Recorded data:
----------------
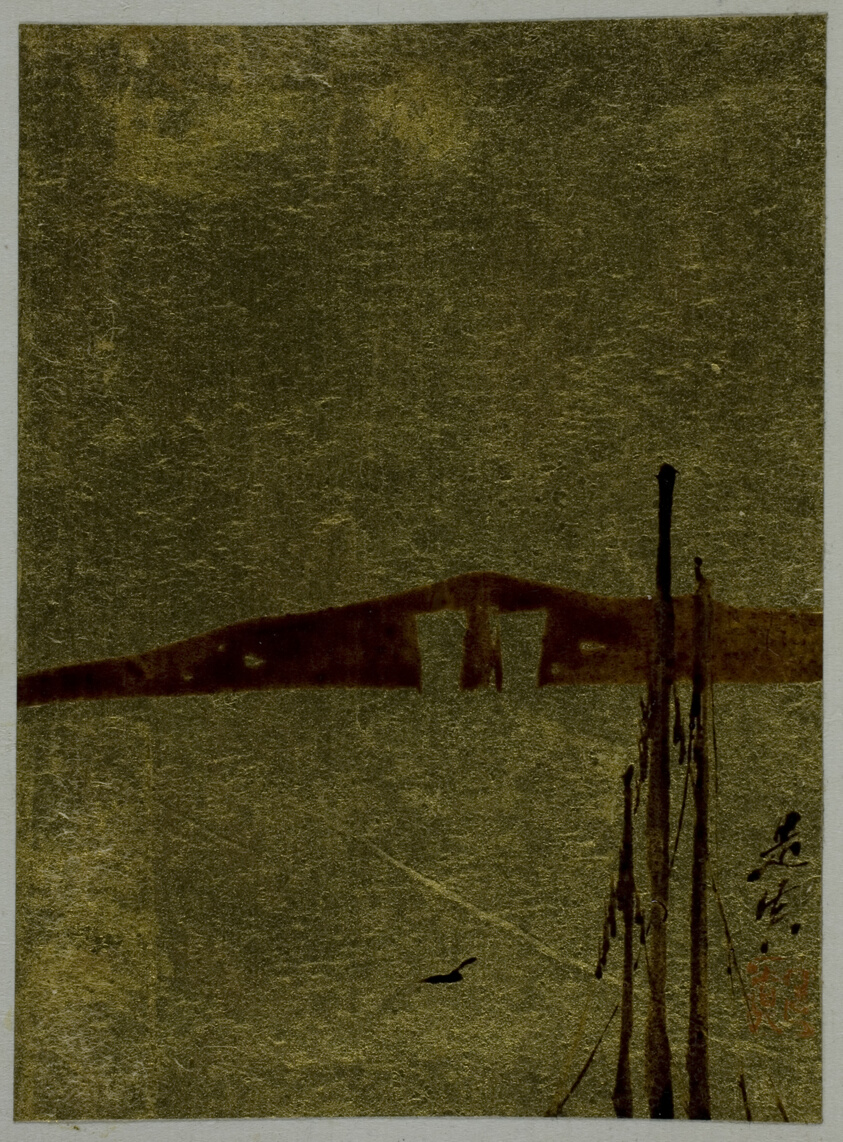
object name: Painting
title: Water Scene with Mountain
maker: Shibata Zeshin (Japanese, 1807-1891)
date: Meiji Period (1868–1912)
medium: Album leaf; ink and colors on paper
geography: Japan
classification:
----------------
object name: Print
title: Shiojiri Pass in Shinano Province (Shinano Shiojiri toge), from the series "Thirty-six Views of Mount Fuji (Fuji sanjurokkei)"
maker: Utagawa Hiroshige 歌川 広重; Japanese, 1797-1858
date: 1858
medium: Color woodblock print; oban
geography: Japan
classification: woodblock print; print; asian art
----------------
_Task brief_
In the records above, the line with "title: Shiojiri Pass" marks the start and the line with "classification: woodblock print;" marks the end; copy that stretch exactly, both lines included, and nothing else.

_Output of the exercise_
title: Shiojiri Pass in Shinano Province (Shinano Shiojiri toge), from the series "Thirty-six Views of Mount Fuji (Fuji sanjurokkei)"
maker: Utagawa Hiroshige 歌川 広重; Japanese, 1797-1858
date: 1858
medium: Color woodblock print; oban
geography: Japan
classification: woodblock print; print; asian art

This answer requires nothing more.